Thangamani Muthukumar, MD
Photo: Thangamani Muthukumar



Elected 2017

I am an Associate Professor of Nephrology and a Transplant Physician at the Weill Cornell Medical College - New York Presbyterian Hospital. I received my MBBS from the Madras Medical College, Chennai, India; MD (Internal Medicine) from the Stanley Medical College, Chennai, India; and DM (Nephrology) from the Post Graduate Institute of Medical Education and Research, Chandigarh, India. I was a research fellow in the laboratory of Dr. Suthanthiran, Chief of Nephrology and Transplantation at the Weill Cornell Medical College and completed my residency in Internal Medicine and Fellowship in Nephrology from the New York Presbyterian Hospital- Cornell.

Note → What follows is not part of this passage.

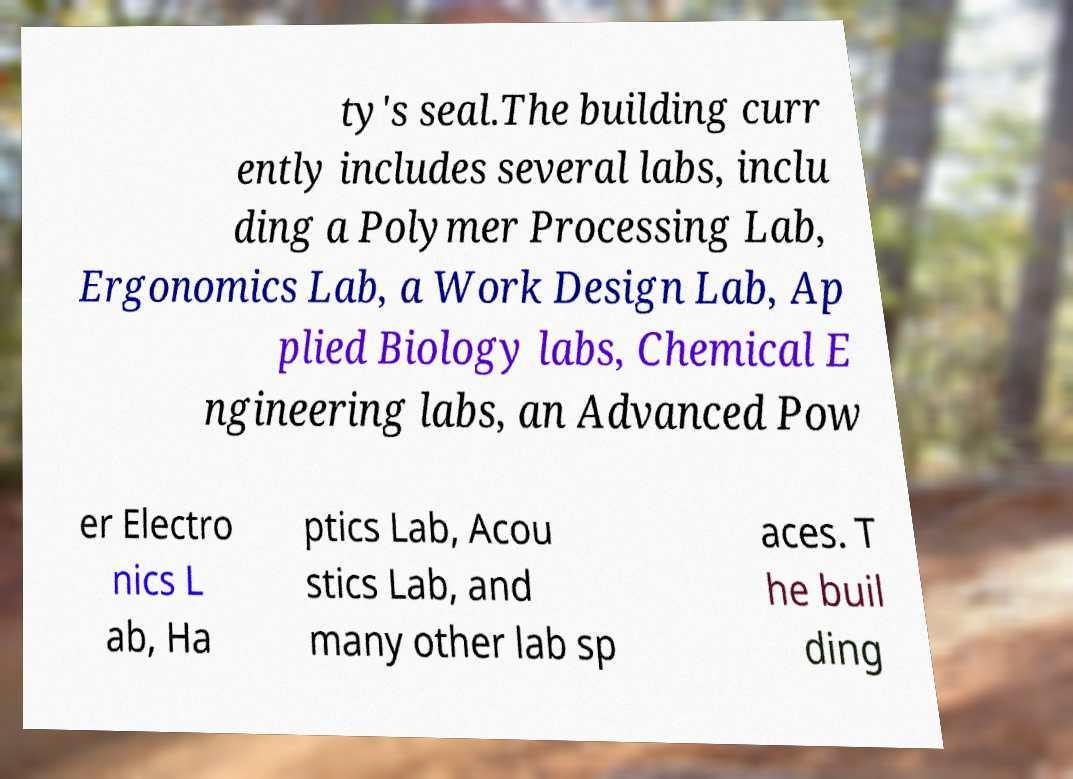Can you accurately transcribe the text from the provided image for me? ty's seal.The building curr ently includes several labs, inclu ding a Polymer Processing Lab, Ergonomics Lab, a Work Design Lab, Ap plied Biology labs, Chemical E ngineering labs, an Advanced Pow er Electro nics L ab, Ha ptics Lab, Acou stics Lab, and many other lab sp aces. T he buil ding 
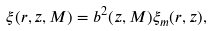<formula> <loc_0><loc_0><loc_500><loc_500>\xi ( r , z , M ) = b ^ { 2 } ( z , M ) \xi _ { m } ( r , z ) ,</formula>

My research is focused on allograft rejection and tubulointerstitial fibrosis in the kidney allografts. My research efforts at Cornell have identified the following for the first time: (1) acute rejection of human renal allografts is associated not only with overexpression of cytolytic molecule granzyme B but also with its natural antagonist proteinase inhibitor-9; (2) urinary cell levels of mRNA for FoxP3 are an independent predictor of renal allograft rejection reversal and graft loss following an episode of acute rejection; and (3) fibrosis of the kidney allograft can be accurately and noninvasively diagnosed by the expression profile of a select panel of genes in the urinary cells. In an on-going collaboration with the Tuschl laboratory at Rockefeller University, I have characterized for the first time the microRNA transcriptome of human kidney allografts with or without fibrosis. Recently, I have developed urinary cell mRNA profiles to accurately and noninvasively distinguish different causes of kidney allograft dysfunction. My translational studies have helped develop a prognostic index for allograft outcome in kidney recipients with transplant glomerulopathy, an important cause of late allograft failure. Currently, I am applying RNA sequencing to further resolve mechanisms of rejection including microvascular inflammation, tubulointerstitial fibrosis and kidney allograft functional decline.